My reaction to “Sex on Campus” was strong and immediate. Convinced that statements like A’s signaled Millennials' devaluing of intimacy, I wanted to shout, “Hey, the lessons learned in a relationship are just as significant as the ones learned in a classroom, club, or internship!” I wasn’t the only one. 24 hours after Taylor’s piece ran, Conor Friedersdorf at The Atlantic similarly countered the UPenn women’s view of relationships as obstacles to “unencumbered striving.” Friedersdorf’s detailing of the various lessons learned in sustained, romantic relationships is heartfelt and valid. But did it need to be written at all?
I’ve certainly begun to question my initial response — why did I take a few women’s temporary preference for casual sex as evidence that Millennials, in general, are emotionally callous? Why does Taylor seem to structure her article in support of such a conclusion? After all, there’s no indication that A and respondents like her are emotionally disinterested, they’re merely saying college isn’t the right time for them to be in a relationship. Fair enough. We’ve all felt that way at certain points in life. Would we think intimacy itself were in jeopardy if a male student expressed this opinion?
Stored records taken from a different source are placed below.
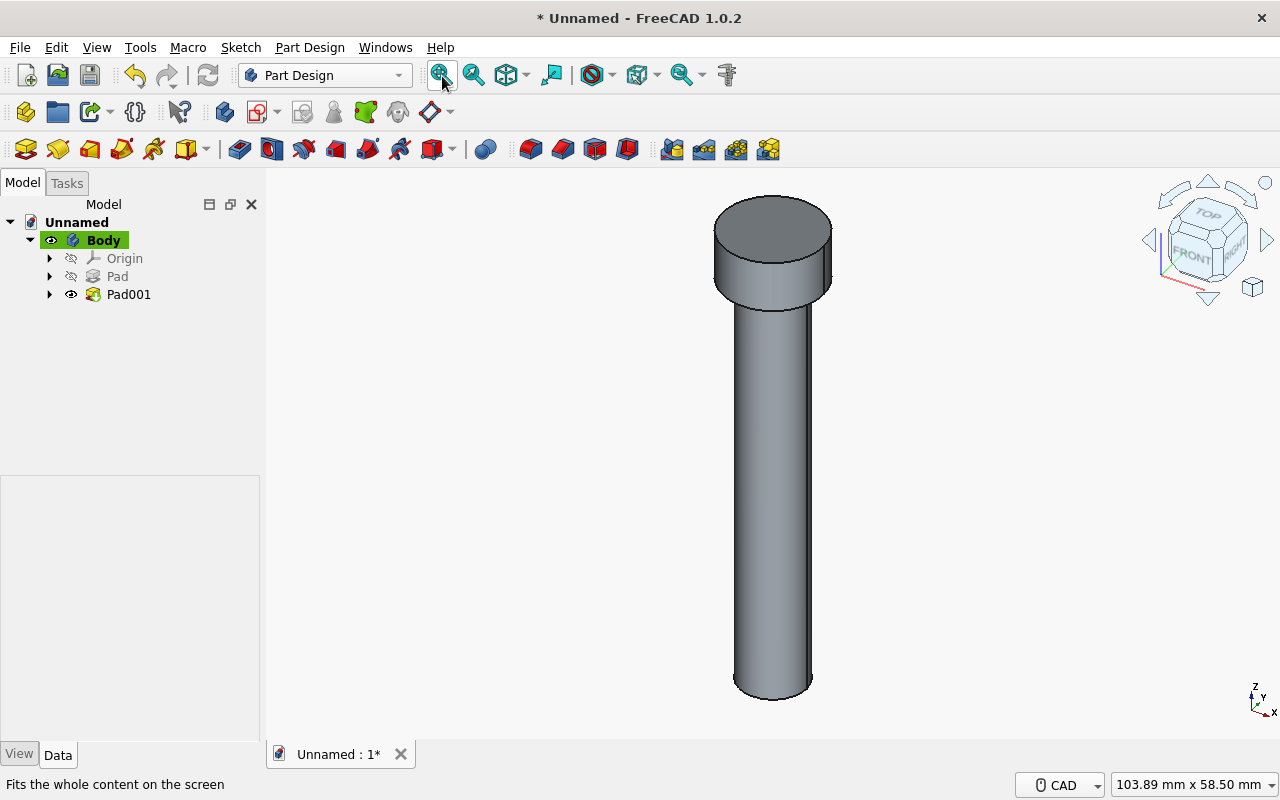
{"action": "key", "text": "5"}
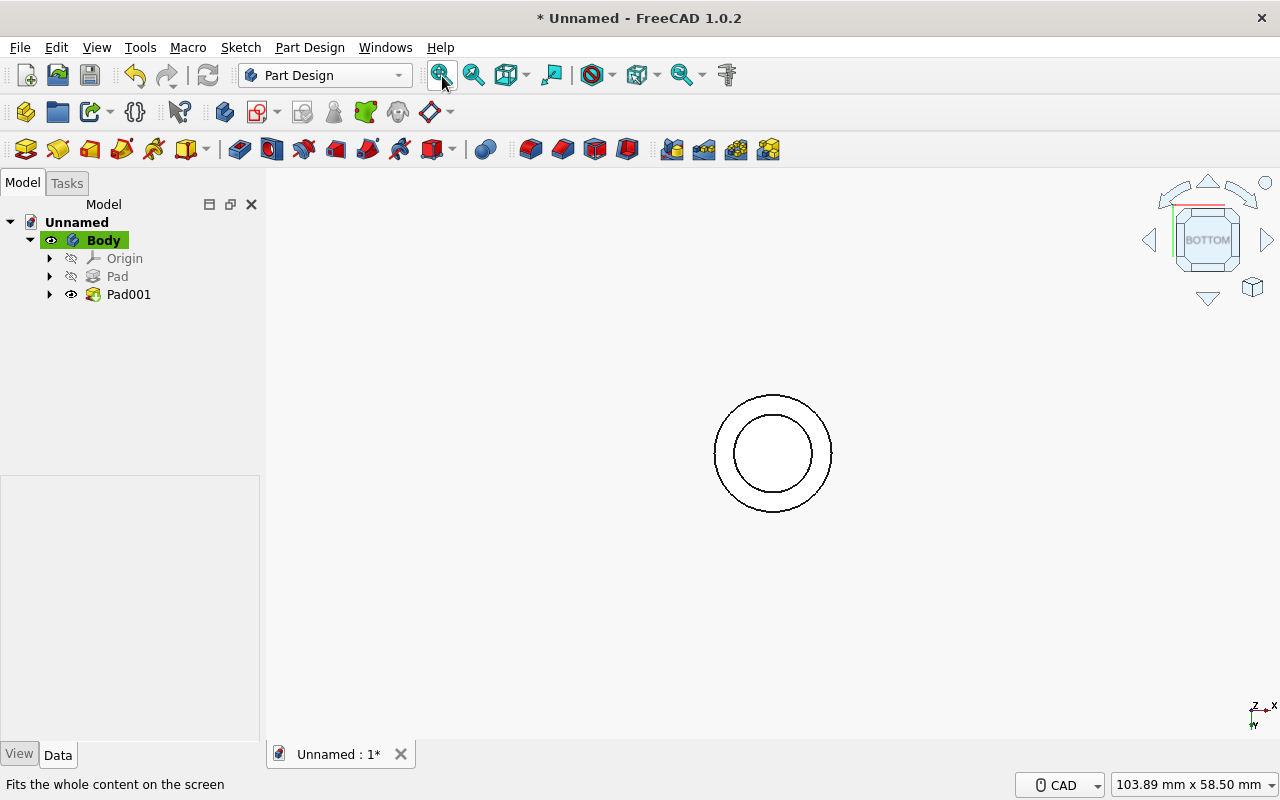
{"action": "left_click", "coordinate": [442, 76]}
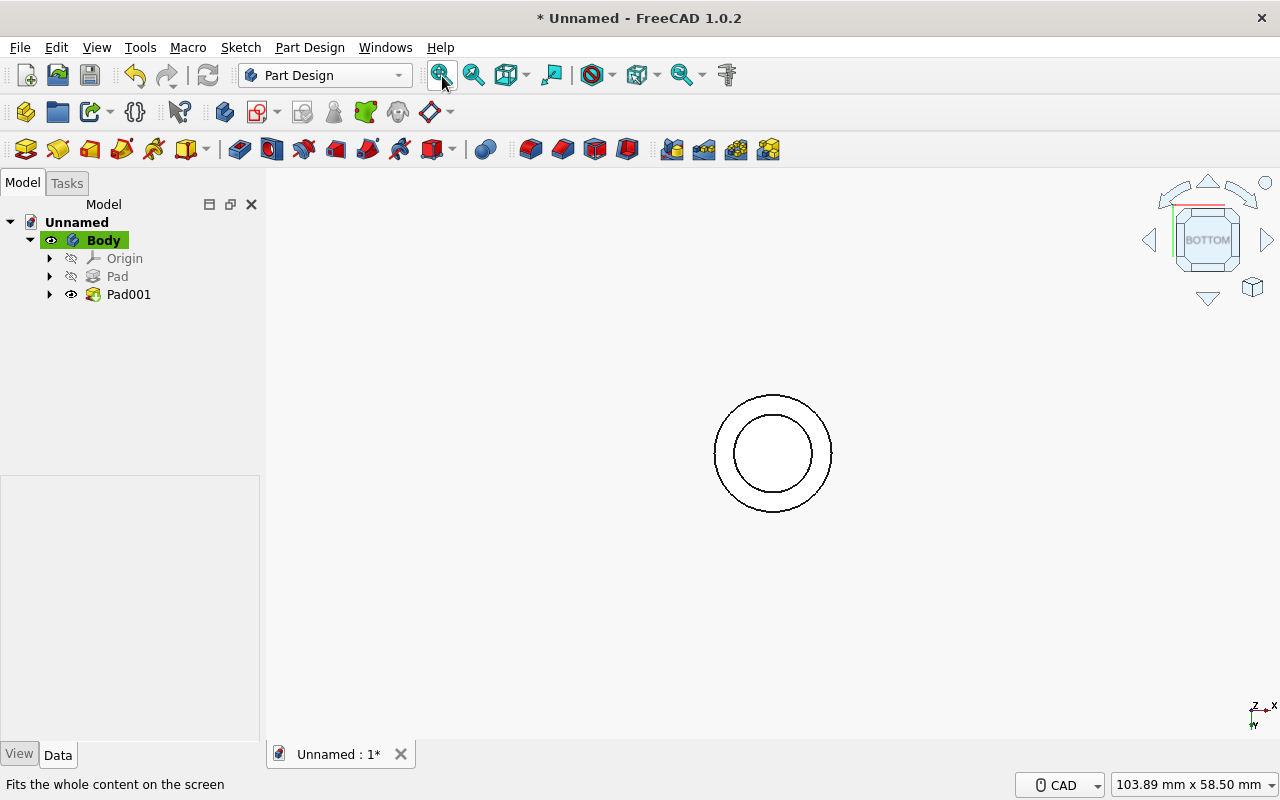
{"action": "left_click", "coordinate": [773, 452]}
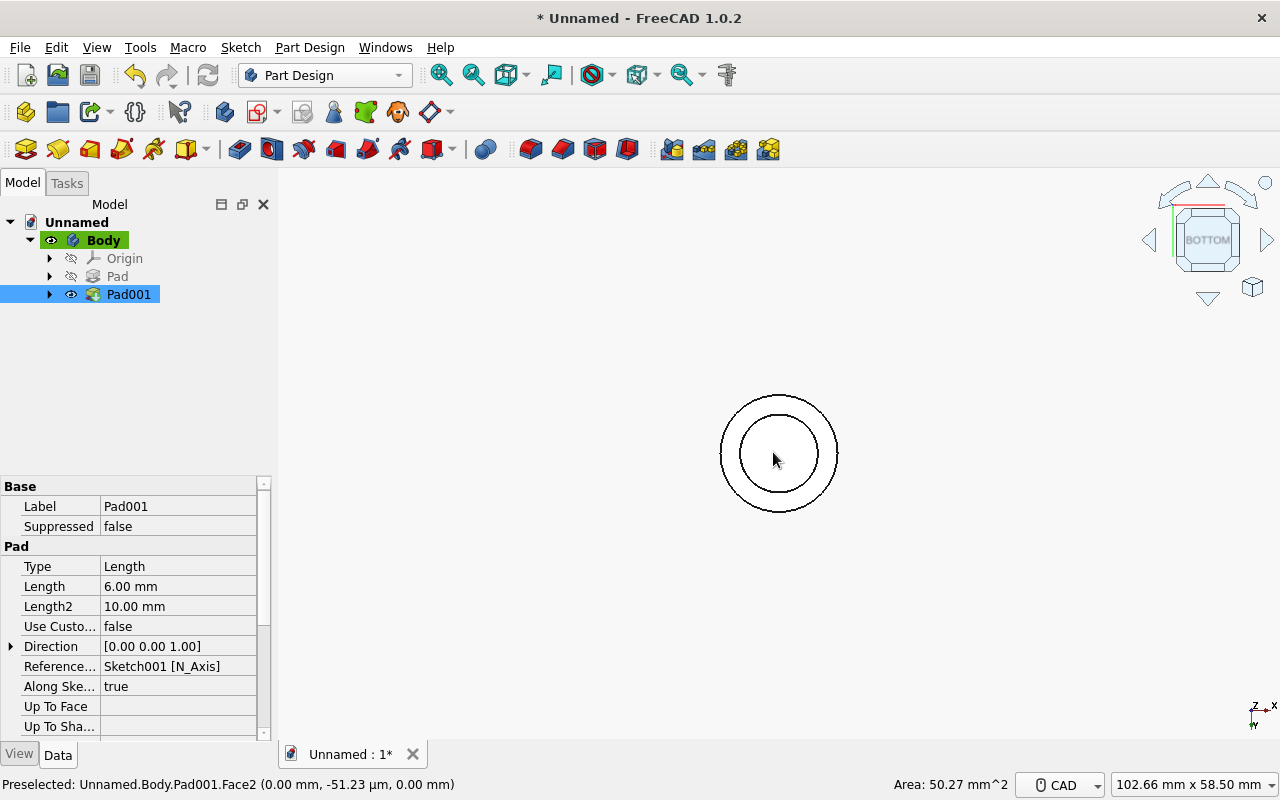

Hardly.
Our culture casts heterosexual women as bastions of sexual order. Just look at the recent Iowa case where a woman was denied wrongful termination after her employer fired her for being to "attractive," and hence, a threat to his marriage. Men will be men; their promiscuity is a given. Women are responsible for that promiscuity, either to refuse it, or provide the emotional impetus that transforms sexual attraction into stable relationships. This explains why campus hook-up exposés always fixate on the experiences of straight women, ignoring those of heterosexual male or gay students. Straight women’s participation in hook-up culture is what challenges our preconceived beliefs. When reading Taylor’s article, some of us may be tempted to see the choice of a few women eschewing college relationships as indicative that intimacy in general is in trouble because we're inclined to think of women as the initiators and regulators of meaningful relationships.
Halfway through a response championing the benefits of long-term relationships, I removed my hands from the keyboard and took a breath. My Millennial friends and I valued emotional connection in college, and having a boyfriend was just one of many ways to experience intimacy. When digesting the Times latest hook-up culture article, some may also need to be reminded: Breathe. Society as we know it is not eroding beneath us because some of us have casual sex.